__What you will do__
Set down, please, exactly the lines below that run from the line with "#1 ink cartridge box [147, 223, 250, 404]" to the line with "#4 router box [266, 210, 377, 267]", both lines included.

=== Section Start ===

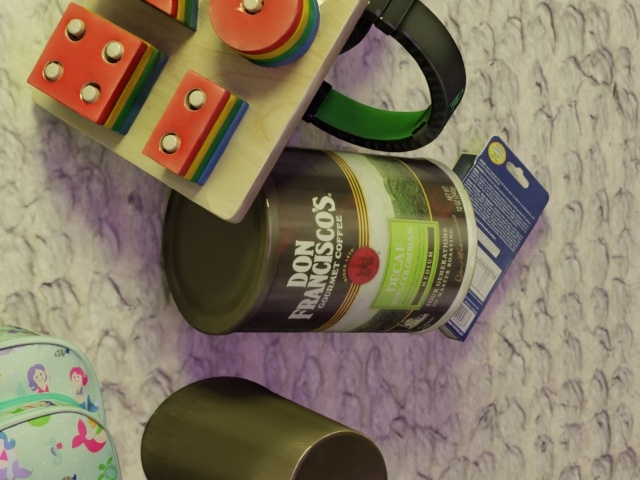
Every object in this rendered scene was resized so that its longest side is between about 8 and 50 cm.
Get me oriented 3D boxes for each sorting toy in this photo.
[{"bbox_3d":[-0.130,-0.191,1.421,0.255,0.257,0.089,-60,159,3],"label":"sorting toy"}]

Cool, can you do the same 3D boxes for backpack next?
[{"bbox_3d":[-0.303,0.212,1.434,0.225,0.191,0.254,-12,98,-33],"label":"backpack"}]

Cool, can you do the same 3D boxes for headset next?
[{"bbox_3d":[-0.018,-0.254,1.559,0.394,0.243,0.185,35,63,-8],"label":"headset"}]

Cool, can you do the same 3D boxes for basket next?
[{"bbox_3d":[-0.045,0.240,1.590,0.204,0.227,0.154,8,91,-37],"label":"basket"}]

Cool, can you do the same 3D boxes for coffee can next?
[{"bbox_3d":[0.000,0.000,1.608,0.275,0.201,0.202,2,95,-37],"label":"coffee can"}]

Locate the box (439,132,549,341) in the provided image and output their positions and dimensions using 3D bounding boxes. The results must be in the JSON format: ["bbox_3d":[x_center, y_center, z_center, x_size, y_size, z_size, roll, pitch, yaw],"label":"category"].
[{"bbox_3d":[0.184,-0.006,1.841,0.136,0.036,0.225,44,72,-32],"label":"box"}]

=== Section End ===
=== Section Start ===

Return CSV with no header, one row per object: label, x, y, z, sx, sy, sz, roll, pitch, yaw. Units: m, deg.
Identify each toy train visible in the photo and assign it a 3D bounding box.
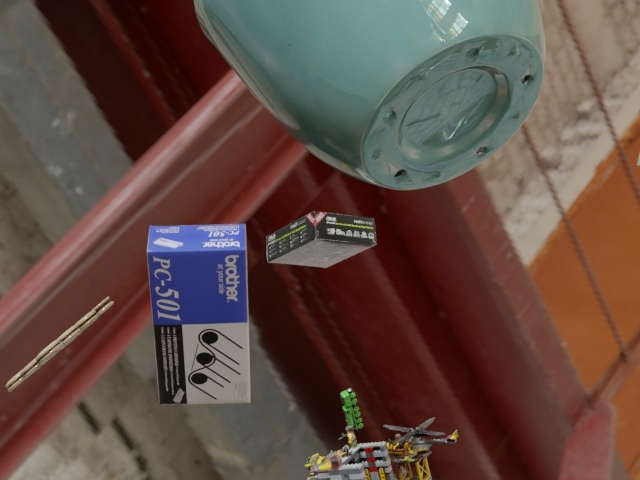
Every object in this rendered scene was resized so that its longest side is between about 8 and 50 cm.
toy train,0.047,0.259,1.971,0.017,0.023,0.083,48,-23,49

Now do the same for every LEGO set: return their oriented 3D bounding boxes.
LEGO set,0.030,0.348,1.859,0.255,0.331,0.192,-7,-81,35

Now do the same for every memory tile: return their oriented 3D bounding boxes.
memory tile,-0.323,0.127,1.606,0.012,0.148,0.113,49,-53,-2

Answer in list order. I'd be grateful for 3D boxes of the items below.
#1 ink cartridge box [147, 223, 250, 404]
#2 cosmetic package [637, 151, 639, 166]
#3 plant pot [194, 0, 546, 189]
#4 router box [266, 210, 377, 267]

=== Section End ===

__Answer box__
#1 ink cartridge box [147, 223, 250, 404]
#2 cosmetic package [637, 151, 639, 166]
#3 plant pot [194, 0, 546, 189]
#4 router box [266, 210, 377, 267]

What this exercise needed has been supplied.